Find and copy the lines in the records beneath this task that contain the word "zscale".

(Beginning of Input records)

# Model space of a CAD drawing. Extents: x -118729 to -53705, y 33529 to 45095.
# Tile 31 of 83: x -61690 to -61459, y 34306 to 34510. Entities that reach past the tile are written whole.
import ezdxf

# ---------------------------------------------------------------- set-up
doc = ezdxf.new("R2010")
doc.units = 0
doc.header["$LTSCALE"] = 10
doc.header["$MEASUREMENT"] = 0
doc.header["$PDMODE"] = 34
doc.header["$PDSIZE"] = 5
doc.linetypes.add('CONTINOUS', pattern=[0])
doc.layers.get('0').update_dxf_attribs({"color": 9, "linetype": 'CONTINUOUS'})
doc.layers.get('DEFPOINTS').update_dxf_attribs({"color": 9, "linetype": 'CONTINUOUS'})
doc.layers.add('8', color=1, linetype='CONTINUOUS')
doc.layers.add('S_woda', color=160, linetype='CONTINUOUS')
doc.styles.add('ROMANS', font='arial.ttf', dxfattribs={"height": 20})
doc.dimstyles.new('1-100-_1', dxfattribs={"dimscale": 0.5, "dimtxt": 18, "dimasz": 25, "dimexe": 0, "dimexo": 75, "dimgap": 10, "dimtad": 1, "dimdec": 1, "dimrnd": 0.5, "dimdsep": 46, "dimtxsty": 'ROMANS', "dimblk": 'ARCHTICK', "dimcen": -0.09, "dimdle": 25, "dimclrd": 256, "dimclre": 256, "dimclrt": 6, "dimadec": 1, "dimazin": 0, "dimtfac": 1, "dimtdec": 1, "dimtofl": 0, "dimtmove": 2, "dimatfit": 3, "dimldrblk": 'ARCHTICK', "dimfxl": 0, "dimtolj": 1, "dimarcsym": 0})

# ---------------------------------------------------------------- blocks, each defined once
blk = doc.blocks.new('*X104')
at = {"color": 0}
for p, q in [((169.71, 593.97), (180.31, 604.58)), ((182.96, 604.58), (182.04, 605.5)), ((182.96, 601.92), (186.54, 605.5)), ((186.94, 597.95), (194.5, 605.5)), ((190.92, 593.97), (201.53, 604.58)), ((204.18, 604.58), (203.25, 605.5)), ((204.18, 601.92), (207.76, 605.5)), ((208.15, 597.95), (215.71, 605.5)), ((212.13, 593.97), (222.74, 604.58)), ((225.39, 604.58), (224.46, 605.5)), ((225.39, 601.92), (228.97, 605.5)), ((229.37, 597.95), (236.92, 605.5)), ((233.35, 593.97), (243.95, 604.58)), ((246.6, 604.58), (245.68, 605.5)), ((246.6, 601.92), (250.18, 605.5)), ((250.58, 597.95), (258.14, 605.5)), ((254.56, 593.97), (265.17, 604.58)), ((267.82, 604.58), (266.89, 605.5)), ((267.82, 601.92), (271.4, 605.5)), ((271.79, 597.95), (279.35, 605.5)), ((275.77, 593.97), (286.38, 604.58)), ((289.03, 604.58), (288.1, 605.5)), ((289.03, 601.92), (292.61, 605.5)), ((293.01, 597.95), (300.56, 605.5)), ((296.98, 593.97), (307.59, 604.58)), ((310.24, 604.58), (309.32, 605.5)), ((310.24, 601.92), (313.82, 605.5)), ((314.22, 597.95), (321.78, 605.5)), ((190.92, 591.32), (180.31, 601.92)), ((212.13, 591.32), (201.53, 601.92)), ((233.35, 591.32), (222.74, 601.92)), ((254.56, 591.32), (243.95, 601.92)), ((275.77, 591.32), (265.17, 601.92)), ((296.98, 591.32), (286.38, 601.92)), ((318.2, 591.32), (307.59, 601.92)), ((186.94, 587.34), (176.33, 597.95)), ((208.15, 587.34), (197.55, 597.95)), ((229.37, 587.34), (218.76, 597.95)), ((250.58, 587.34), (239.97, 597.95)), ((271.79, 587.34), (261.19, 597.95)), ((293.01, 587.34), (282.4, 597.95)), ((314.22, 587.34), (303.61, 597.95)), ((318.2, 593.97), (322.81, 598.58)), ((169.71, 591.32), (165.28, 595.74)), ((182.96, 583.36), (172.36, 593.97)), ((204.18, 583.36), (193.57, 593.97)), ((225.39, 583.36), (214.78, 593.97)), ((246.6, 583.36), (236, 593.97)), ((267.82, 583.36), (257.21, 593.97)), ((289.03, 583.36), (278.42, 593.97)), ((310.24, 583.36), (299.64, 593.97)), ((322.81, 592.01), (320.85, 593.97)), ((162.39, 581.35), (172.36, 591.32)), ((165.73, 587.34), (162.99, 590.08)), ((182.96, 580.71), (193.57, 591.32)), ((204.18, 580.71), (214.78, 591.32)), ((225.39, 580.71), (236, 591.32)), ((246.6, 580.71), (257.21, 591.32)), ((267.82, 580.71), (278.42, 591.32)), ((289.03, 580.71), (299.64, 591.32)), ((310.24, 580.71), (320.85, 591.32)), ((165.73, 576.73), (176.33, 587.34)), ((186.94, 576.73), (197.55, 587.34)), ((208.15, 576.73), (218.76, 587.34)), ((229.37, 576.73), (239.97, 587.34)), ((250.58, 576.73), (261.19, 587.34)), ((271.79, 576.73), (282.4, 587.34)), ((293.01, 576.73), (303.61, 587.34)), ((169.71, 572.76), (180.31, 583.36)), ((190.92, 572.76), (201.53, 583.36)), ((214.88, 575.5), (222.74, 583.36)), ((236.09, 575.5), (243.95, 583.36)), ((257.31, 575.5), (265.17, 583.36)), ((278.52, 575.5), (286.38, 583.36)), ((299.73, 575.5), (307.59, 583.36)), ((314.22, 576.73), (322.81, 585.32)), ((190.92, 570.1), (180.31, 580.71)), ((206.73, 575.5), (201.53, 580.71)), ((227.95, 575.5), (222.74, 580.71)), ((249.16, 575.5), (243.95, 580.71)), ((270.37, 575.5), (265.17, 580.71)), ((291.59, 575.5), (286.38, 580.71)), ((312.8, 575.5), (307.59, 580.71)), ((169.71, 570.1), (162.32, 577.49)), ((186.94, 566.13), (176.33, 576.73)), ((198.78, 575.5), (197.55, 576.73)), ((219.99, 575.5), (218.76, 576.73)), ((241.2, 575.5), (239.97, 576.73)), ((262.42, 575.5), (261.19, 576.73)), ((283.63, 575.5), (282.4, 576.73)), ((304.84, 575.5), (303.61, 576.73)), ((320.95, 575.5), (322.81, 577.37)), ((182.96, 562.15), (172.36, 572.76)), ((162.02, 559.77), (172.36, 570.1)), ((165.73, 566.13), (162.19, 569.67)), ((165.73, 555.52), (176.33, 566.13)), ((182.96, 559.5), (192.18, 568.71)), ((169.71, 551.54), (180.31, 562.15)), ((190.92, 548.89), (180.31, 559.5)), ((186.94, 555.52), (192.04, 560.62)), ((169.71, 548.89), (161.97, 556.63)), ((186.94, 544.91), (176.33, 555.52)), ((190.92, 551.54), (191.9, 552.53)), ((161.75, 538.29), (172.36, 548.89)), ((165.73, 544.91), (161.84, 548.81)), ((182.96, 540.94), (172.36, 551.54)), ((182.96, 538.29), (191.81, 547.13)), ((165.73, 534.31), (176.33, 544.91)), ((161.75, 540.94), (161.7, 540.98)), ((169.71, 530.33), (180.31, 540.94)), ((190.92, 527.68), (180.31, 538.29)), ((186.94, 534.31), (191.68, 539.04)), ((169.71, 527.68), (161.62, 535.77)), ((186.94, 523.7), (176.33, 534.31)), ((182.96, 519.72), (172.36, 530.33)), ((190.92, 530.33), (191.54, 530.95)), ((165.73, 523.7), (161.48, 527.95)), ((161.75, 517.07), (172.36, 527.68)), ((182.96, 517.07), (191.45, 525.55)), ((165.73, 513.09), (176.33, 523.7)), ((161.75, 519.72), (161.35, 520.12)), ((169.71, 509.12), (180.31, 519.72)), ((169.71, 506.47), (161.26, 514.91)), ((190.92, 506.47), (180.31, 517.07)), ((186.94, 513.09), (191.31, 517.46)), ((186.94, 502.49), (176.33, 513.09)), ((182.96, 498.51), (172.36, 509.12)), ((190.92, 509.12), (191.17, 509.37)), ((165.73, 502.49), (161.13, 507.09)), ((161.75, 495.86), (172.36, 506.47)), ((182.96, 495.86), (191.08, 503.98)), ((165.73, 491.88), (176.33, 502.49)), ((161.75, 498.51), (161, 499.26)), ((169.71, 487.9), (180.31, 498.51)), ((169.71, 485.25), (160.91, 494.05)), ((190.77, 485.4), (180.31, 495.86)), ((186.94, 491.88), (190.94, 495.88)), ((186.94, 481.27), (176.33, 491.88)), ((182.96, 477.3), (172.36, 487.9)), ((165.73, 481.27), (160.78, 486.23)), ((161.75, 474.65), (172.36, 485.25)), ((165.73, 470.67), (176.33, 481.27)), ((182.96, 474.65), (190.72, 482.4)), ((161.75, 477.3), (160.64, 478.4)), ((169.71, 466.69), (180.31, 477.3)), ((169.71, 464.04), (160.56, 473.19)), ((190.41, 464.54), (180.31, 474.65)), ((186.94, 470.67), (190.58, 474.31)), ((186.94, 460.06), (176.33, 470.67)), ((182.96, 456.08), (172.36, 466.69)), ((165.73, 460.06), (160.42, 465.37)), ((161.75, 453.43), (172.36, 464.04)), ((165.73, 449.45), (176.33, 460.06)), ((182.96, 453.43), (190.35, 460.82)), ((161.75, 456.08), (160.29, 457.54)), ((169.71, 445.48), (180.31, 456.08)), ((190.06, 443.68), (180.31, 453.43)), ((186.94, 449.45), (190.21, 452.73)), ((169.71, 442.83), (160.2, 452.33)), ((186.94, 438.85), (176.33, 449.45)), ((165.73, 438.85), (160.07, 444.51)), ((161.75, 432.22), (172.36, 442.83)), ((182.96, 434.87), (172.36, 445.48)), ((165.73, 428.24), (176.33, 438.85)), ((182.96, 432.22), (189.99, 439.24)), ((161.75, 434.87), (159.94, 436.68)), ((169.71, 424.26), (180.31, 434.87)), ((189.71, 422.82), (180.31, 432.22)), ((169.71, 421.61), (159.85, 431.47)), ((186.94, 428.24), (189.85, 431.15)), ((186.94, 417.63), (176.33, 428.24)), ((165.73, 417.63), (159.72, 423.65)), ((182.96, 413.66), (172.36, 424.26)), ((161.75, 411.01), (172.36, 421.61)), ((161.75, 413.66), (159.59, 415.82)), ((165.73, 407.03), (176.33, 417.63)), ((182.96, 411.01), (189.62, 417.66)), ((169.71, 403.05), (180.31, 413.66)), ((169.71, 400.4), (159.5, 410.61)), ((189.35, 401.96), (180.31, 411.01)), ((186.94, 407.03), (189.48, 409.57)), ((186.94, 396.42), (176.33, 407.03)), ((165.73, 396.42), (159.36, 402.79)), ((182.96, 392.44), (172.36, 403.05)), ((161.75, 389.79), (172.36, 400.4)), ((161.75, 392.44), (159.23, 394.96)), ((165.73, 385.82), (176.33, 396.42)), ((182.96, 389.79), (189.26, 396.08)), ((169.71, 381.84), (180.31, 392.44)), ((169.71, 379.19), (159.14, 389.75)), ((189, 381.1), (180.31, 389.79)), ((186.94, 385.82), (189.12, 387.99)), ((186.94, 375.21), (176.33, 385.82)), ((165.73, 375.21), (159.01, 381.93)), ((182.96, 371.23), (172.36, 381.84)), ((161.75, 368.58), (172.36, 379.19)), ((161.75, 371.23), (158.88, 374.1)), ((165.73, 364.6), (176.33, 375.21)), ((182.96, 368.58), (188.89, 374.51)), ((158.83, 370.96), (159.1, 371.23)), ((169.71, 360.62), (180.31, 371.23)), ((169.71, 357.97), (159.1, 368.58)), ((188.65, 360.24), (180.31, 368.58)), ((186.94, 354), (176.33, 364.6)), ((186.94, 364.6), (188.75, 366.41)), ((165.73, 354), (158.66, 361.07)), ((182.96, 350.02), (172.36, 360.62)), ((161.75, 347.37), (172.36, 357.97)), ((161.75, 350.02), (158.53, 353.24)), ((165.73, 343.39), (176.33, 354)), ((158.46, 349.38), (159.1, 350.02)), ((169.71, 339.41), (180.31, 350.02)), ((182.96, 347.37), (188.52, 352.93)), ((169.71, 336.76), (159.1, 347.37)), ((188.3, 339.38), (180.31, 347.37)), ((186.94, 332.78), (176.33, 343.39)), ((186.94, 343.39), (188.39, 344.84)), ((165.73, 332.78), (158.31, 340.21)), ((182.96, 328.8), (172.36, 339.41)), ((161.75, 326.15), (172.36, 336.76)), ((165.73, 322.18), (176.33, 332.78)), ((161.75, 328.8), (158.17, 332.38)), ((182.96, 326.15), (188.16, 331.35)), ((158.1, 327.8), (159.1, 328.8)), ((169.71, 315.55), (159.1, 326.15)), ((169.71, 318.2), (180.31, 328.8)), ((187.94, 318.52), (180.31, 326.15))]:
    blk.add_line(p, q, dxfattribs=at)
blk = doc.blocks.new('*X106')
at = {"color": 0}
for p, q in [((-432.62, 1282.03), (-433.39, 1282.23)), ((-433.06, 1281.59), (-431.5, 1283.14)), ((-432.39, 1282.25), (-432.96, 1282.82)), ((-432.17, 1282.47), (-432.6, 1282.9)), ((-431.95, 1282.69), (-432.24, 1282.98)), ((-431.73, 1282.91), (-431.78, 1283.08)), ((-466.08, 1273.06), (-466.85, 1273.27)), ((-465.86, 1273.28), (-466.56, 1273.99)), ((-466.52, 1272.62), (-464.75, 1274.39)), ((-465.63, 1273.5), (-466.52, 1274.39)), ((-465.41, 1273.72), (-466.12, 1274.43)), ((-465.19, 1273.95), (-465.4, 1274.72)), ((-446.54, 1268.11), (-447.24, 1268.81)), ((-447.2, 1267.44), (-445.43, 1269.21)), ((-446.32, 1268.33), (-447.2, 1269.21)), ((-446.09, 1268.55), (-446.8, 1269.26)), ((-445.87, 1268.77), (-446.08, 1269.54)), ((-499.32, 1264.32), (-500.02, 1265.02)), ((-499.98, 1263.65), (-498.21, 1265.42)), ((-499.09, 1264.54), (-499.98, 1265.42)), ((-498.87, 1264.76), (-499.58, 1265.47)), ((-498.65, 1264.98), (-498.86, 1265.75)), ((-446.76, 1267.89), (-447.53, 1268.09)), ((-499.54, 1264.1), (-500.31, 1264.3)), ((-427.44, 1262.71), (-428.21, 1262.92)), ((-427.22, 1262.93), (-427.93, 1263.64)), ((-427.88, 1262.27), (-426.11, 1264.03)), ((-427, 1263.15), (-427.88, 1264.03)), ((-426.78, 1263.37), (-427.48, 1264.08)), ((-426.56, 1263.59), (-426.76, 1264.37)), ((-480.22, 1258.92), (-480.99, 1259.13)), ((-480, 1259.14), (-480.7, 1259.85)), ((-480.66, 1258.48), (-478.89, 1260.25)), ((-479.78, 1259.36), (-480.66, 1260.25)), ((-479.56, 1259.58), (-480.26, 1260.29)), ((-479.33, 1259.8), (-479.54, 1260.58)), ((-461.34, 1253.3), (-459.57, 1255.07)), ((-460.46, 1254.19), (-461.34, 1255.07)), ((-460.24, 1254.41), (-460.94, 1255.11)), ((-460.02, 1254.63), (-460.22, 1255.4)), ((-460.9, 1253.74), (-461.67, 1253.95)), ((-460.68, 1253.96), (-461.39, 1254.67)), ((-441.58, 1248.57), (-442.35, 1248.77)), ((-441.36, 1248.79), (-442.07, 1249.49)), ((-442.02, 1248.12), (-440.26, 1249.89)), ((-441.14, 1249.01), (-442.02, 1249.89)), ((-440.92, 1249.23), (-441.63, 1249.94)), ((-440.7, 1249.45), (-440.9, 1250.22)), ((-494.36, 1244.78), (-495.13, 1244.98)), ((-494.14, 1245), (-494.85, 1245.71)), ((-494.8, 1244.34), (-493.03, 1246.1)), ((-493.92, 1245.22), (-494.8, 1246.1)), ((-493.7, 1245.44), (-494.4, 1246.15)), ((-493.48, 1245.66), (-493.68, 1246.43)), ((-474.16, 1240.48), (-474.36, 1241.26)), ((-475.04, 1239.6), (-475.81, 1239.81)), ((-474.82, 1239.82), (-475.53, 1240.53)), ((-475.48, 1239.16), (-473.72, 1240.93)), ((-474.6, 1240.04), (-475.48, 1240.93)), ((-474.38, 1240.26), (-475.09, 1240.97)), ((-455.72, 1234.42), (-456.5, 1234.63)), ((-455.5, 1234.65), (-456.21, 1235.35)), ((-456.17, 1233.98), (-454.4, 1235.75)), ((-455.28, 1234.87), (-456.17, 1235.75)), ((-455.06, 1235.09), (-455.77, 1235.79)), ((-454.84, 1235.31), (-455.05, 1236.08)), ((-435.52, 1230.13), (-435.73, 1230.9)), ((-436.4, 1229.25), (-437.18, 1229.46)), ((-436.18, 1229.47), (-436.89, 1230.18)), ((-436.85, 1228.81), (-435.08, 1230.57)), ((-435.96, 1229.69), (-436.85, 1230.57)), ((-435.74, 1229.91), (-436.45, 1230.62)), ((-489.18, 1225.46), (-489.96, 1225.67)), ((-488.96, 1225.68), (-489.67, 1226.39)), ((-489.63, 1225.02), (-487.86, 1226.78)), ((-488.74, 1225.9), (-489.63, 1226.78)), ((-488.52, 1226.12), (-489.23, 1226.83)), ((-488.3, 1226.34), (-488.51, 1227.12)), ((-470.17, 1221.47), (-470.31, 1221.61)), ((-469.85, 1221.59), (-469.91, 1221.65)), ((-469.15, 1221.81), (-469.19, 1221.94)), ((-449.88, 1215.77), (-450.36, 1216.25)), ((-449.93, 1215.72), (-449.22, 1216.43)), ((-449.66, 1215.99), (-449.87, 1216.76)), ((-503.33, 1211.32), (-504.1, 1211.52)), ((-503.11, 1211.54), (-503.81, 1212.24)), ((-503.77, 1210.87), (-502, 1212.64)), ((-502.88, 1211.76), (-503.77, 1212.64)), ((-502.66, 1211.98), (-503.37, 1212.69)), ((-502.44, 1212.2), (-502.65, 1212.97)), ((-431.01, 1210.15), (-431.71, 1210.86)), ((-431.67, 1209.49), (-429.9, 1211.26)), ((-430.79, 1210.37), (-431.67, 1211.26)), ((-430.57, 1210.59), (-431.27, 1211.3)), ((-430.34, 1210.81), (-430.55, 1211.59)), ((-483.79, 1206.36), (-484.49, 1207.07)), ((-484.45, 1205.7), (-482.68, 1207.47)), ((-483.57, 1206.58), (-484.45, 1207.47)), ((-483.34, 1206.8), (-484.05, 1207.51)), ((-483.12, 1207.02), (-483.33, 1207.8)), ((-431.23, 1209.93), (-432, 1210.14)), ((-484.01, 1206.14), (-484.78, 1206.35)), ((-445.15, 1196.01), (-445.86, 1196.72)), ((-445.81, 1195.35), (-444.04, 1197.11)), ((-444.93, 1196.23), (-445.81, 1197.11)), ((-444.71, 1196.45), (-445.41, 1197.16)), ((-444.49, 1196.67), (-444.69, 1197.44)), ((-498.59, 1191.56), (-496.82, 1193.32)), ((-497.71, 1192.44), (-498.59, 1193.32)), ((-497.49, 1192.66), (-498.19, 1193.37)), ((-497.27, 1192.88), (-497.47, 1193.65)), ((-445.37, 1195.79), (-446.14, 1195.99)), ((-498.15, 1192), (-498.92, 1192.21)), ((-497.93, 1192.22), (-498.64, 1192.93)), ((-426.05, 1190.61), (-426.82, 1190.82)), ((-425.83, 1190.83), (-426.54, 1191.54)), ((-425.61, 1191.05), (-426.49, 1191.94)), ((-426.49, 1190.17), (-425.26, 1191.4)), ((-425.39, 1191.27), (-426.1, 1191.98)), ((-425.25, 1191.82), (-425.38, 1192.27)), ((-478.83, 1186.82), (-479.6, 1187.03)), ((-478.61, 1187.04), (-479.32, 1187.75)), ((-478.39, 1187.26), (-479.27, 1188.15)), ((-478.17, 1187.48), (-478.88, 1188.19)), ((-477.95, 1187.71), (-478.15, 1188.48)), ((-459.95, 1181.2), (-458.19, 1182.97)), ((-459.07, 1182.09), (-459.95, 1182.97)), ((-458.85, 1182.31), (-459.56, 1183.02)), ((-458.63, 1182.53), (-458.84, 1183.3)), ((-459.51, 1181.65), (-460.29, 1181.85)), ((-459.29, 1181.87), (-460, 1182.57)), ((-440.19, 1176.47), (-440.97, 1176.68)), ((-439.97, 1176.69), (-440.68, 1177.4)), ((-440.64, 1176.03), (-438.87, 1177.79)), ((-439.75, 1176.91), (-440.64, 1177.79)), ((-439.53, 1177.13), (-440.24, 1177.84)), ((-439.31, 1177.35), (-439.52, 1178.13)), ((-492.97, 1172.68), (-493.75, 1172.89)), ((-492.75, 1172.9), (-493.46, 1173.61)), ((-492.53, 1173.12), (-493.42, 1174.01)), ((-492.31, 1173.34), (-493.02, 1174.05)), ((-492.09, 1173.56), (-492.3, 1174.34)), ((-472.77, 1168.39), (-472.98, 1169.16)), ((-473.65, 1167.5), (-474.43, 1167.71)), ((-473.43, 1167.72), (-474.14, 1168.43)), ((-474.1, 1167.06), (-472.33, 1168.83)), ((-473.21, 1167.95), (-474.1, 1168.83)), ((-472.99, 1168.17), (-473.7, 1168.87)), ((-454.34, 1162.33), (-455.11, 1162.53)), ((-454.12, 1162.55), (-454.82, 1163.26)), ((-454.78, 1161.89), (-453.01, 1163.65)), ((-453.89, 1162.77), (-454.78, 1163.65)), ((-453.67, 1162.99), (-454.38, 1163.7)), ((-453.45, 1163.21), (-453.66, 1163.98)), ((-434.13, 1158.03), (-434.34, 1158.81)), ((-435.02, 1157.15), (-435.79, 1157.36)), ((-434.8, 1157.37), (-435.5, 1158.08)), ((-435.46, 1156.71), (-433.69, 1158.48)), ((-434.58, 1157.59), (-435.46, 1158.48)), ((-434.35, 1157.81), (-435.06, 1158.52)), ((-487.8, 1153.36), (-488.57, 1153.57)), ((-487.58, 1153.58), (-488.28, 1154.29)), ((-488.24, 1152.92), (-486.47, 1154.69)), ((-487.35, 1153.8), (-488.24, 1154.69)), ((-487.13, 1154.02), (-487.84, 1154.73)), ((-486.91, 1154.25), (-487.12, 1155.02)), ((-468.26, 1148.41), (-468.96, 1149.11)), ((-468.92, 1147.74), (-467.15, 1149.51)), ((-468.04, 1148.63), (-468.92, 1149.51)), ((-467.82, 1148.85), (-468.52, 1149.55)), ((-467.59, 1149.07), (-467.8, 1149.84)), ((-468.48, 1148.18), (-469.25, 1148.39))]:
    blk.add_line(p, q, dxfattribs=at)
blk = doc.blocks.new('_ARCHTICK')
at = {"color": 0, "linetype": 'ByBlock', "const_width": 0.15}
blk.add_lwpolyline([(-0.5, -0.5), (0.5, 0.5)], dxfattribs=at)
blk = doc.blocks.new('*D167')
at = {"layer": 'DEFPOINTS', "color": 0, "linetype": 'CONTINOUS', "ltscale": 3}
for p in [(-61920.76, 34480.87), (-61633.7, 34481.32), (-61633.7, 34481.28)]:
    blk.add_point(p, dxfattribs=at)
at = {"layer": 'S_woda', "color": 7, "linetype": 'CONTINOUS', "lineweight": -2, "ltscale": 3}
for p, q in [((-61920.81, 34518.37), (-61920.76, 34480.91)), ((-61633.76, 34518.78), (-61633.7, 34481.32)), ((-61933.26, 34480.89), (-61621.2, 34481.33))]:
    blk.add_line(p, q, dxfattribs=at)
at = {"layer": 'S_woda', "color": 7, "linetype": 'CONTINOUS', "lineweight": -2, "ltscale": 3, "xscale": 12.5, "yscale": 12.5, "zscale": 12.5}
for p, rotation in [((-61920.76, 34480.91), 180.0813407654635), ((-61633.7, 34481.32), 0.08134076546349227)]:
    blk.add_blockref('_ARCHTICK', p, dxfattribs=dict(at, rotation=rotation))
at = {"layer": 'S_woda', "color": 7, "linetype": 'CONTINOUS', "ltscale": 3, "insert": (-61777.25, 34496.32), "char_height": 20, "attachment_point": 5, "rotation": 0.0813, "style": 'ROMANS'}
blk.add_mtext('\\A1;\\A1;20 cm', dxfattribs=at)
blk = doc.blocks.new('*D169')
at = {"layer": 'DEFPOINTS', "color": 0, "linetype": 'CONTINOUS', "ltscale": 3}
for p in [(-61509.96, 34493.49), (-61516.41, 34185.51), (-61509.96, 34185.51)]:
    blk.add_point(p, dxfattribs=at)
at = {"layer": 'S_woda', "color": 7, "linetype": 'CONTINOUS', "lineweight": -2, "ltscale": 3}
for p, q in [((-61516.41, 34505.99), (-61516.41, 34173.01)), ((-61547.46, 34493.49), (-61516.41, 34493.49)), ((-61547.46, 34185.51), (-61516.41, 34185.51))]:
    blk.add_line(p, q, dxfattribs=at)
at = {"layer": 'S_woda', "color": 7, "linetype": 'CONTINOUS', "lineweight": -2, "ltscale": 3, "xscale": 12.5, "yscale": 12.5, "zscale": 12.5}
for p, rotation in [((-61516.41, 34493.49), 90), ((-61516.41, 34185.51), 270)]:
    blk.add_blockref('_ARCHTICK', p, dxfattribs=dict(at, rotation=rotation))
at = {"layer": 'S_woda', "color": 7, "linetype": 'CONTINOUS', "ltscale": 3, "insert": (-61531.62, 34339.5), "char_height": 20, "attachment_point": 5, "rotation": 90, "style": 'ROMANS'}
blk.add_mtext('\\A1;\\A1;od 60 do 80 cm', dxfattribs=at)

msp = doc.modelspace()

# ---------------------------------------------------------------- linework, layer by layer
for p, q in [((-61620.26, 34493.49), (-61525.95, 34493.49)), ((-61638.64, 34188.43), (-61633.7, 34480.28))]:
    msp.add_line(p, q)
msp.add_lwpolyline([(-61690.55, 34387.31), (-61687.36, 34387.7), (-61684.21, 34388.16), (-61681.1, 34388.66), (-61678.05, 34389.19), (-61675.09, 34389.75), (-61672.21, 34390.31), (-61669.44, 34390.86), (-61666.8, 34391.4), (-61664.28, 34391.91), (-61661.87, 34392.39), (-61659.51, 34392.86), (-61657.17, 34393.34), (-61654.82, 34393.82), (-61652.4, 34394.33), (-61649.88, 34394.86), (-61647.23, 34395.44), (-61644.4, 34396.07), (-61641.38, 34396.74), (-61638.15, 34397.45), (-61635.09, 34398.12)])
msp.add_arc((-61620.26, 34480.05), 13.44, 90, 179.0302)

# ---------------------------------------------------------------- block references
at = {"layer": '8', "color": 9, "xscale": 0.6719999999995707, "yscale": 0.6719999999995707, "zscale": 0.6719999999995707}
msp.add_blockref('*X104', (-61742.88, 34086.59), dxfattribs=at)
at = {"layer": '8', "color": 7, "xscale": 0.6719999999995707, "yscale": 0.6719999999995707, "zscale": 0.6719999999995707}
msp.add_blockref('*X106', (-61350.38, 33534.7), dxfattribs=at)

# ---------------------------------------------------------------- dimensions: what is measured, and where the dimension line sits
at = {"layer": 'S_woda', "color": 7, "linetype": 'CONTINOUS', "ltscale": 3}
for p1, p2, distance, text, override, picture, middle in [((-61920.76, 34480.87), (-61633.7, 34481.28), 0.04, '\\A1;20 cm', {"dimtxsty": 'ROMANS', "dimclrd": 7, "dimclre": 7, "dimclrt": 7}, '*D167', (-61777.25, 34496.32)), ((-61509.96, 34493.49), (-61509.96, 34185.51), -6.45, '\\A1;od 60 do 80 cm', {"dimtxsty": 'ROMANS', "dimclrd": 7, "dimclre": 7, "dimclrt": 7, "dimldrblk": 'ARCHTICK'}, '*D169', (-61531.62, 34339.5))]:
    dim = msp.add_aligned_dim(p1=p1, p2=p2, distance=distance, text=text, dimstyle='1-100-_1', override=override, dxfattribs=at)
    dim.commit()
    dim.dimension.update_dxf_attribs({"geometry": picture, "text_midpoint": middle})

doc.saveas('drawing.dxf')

(End of Input records)

> _Result_
at = {"layer": 'S_woda', "color": 7, "linetype": 'CONTINOUS', "lineweight": -2, "ltscale": 3, "xscale": 12.5, "yscale": 12.5, "zscale": 12.5}
at = {"layer": 'S_woda', "color": 7, "linetype": 'CONTINOUS', "lineweight": -2, "ltscale": 3, "xscale": 12.5, "yscale": 12.5, "zscale": 12.5}
at = {"layer": '8', "color": 9, "xscale": 0.6719999999995707, "yscale": 0.6719999999995707, "zscale": 0.6719999999995707}
at = {"layer": '8', "color": 7, "xscale": 0.6719999999995707, "yscale": 0.6719999999995707, "zscale": 0.6719999999995707}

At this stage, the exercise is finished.